Hoteliers obviously liked that comment, and I did not mean to be flip, but with year-to-date occupancies of more than 70% for the three high-end chain scales (luxury, upper upscale and upscale), it seems to me the days of extremely short group booking windows (read: in the quarter for the quarter) may not be as prevalent in 2012. A logical outcome of low supply numbers is that the new demand is absorbed by existing hotels, increasing their occupancies and pricing power. And with that compression, group meeting planners that have historically relied on their pick of the “hotel litter” when it came to availability may be forced to look further out for dates and rates, which in turn will benefit the industry as a whole. So, my takeaway for travel buyers at the end of the panel was: “Book early! Book often!”
Walking in Memphis
From Denver, I headed to Memphis for the Southern Lodging Summit. Chuck Pinkowski has been our gracious host over the years, and he organized the usual top-level lineup of speakers. Special thanks to Doug Browne from the grand dame Peabody Hotel for their gracious service (and the duck-shaped soap). It is always insightful to hear the American Hotel & Lodging Association’s Marlene Colucci and her take on what is going on in Washington, D.C., and Peter Yesawich’s update on the leisure traveler sentiment in 2011.
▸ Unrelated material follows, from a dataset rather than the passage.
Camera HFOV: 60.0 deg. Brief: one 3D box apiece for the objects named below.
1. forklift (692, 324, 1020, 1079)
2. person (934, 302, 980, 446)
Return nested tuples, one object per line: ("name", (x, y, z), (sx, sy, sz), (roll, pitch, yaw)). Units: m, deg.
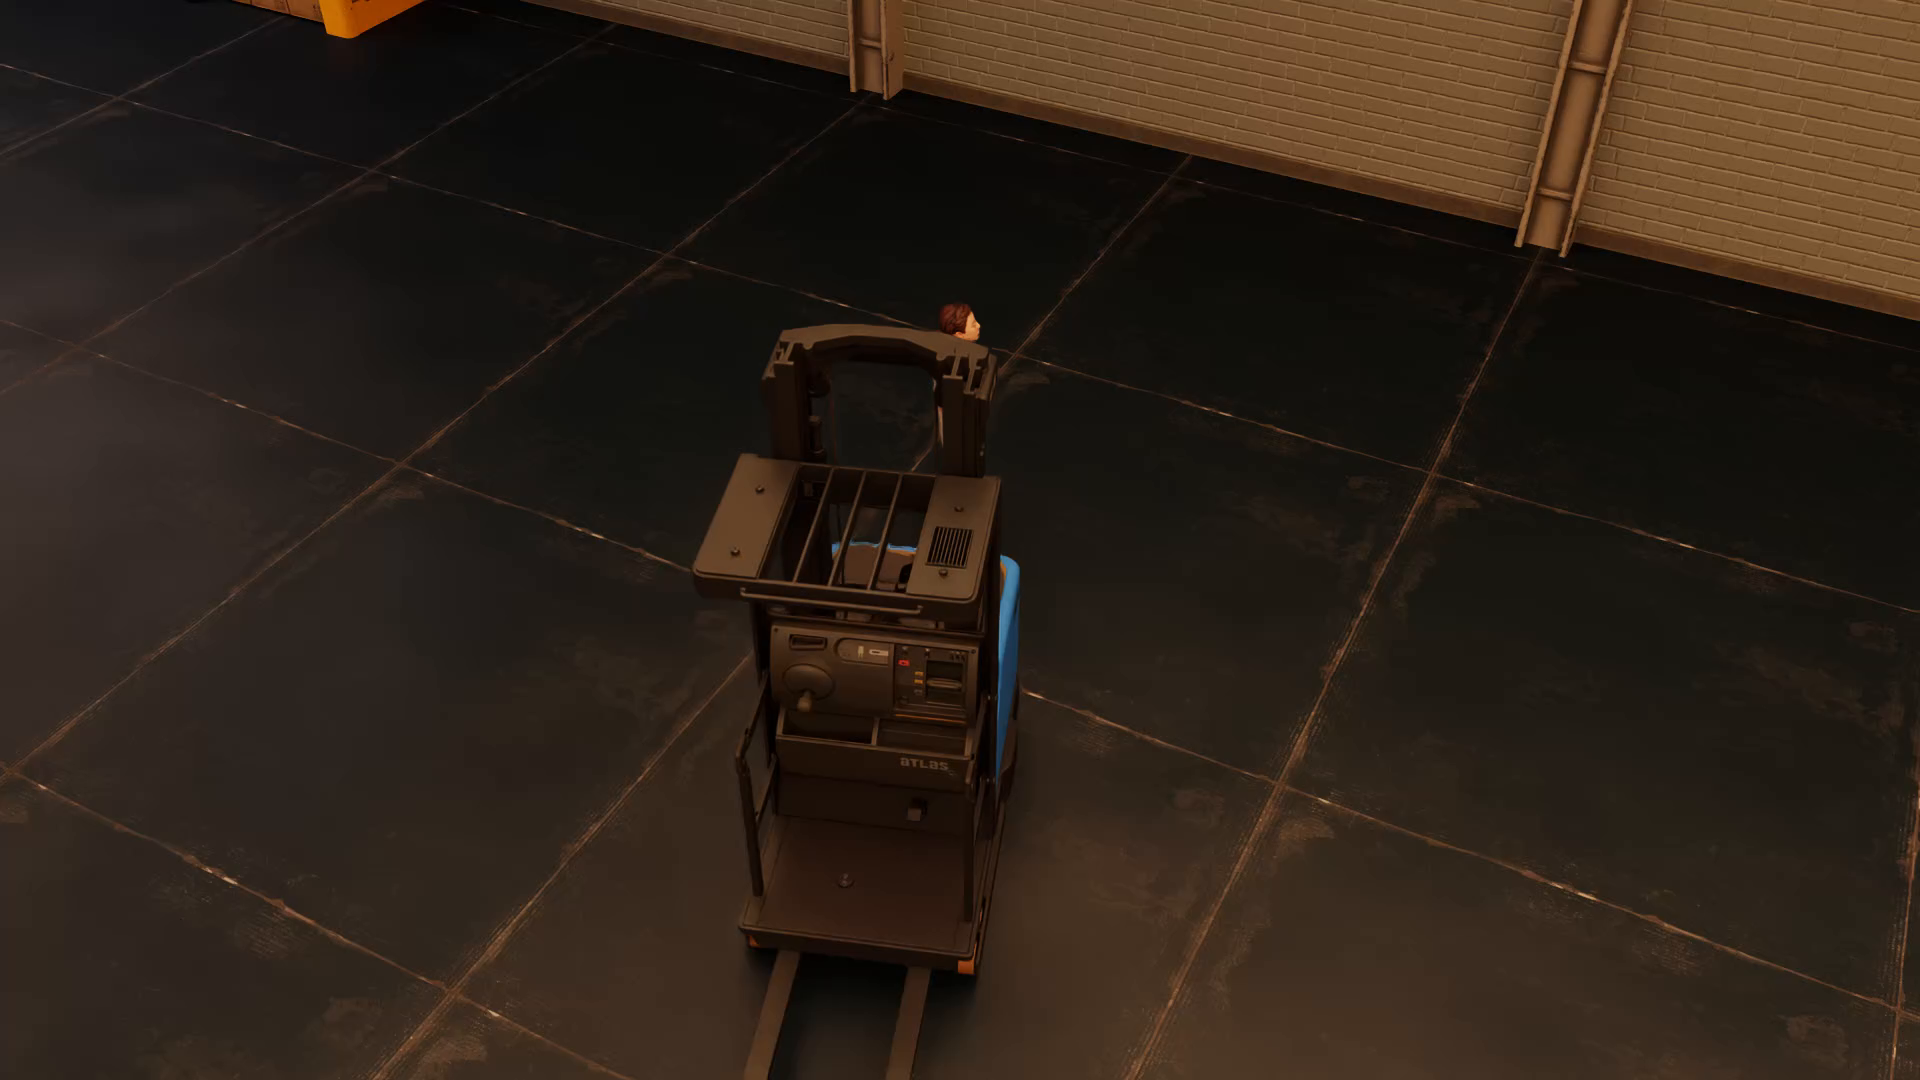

As I presented some Memphis-specific numbers I was reminded that we are ultimately in a street-corner business, and with all the industry numbers in our arsenal, our forecast and performance data are really just high-level averages. I think this was apparent in the lively question session throughout my talk.
Back in Nashville
So, I am back in Nashville for a few short nights before I head out on the road for more presentations, discussions and cocktail receptions. Please say hi when you see me in an airport somewhere. I am curious to hear what your thoughts are as we get into the last part of 2011 and into 2012.